One major goal of functional genomics is a complete, quantitative inventory of the contents of a living cell. Luis Serrano (Center for Genomic Regulation, Barcelona, Spain) presented a progress report on the comprehensive catalog of all small molecules, RNAs, and proteins in Mycoplasma, as well as quantitative characterization of the correspondence between mRNA and protein levels and the stoichiometry of proteins in complexes. This quantitative analysis of Mycoplasma illustrated that a single population of genetically identical cells was nonetheless heterogeneous, an idea that has attracted great interest in recent years. Lucas Pelkmans (ETH, Zürich, Switzerland) showed that it was possible to exploit this cell-to-cell variability in an RNAi screen to produce more nuanced phenotypic profiles. In their study of viral infection, Pelkmans and colleagues found an effect of cell density on susceptibility and used it to distinguish whether genes acted directly in infection or affected cell growth. Daphne Koller (Stanford University) presented a technique to extend the power of single-cell profiling to population measurements by deconvolving gene expression patterns of different cell types in heterogeneous tissues and thus determining cell-type-specific differences in regulatory networks. Experimental and analytical advances such as these will clearly be important in moving the functional characterization of the genome and the analysis of biological regulatory networks into living animals and plants.
Disparate mechanisms producing circadian oscillators
Finally, two talks focused specifically on the mechanisms that drive robust oscillations in bacterial and mammalian circadian clocks, respectively.

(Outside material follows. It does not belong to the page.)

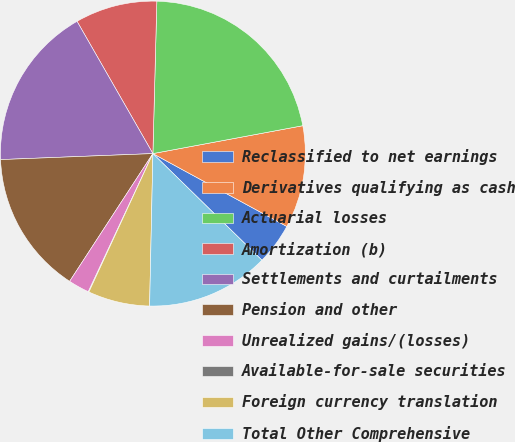Convert chart. <chart><loc_0><loc_0><loc_500><loc_500><pie_chart><fcel>Reclassified to net earnings<fcel>Derivatives qualifying as cash<fcel>Actuarial losses<fcel>Amortization (b)<fcel>Settlements and curtailments<fcel>Pension and other<fcel>Unrealized gains/(losses)<fcel>Available-for-sale securities<fcel>Foreign currency translation<fcel>Total Other Comprehensive<nl><fcel>4.39%<fcel>10.86%<fcel>21.66%<fcel>8.7%<fcel>17.34%<fcel>15.18%<fcel>2.23%<fcel>0.07%<fcel>6.55%<fcel>13.02%<nl></chart> 
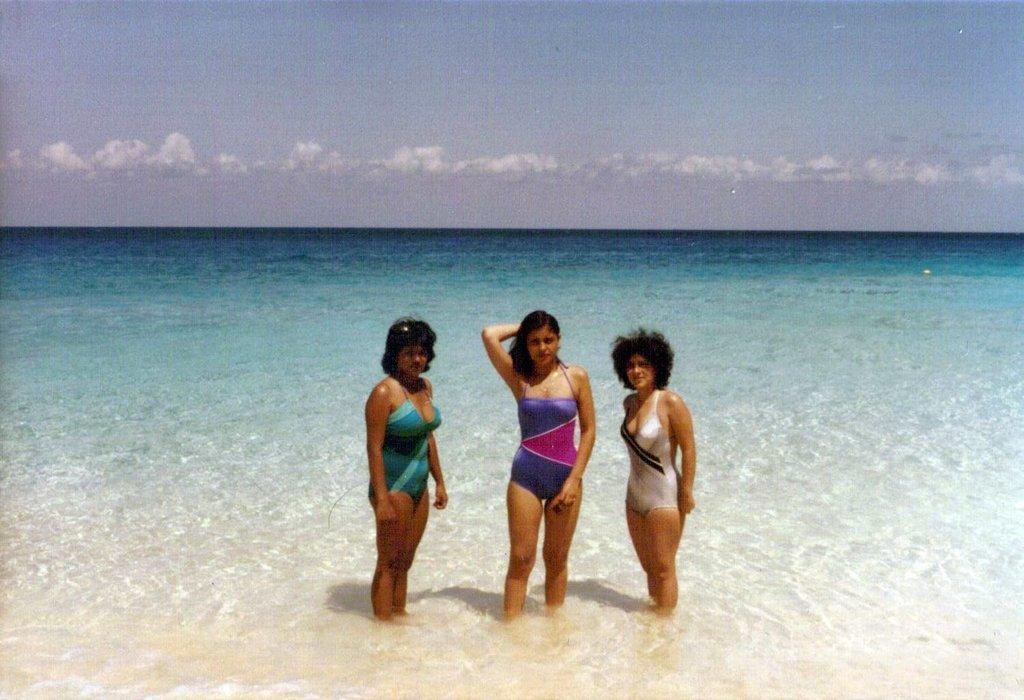Describe this image in one or two sentences. In this image in the center there are women standing in the water. In the background there is an ocean and the sky is cloudy.

In earlier work, Erin O'Shea (Harvard University) and colleagues successfully reconstituted the three-component cyanobacterial clock in vitro, demonstrating that oscillations are produced solely by the ordered phosphorylation and dephosphorylation of the three components. Here, O'Shea presented evidence detailing the mechanism that links the phase of the clock to day/night cues: variations in the ratio of ATP to ADP concentrations during daily photosynthetic cycles break the inherent symmetry and bias the cycle in the correct direction. John Hogenesch (University of Pennsylvania School of Medicine, Philadelphia, USA) used an RNAi screen to perform a systems-level analysis of the mammalian circadian clock. He perturbed the system quantitatively by controlling the strength of RNAi knock-down and measured quantitative changes in the phase and period of the clock, rather than focusing on the small set of targets producing true aperiodicity.
As evidenced by this meeting, panoramic snapshots of cellular behaviors can enhance our understanding of gene expression and gene regulatory networks. Future insights will likely be gained both from resolving the heterogeneity within these population-level measurements and watching the dynamic changes in these networks as cells respond to their environment.
We thank Jonathan Weissman (University of California, San Francisco) for helpful feedback.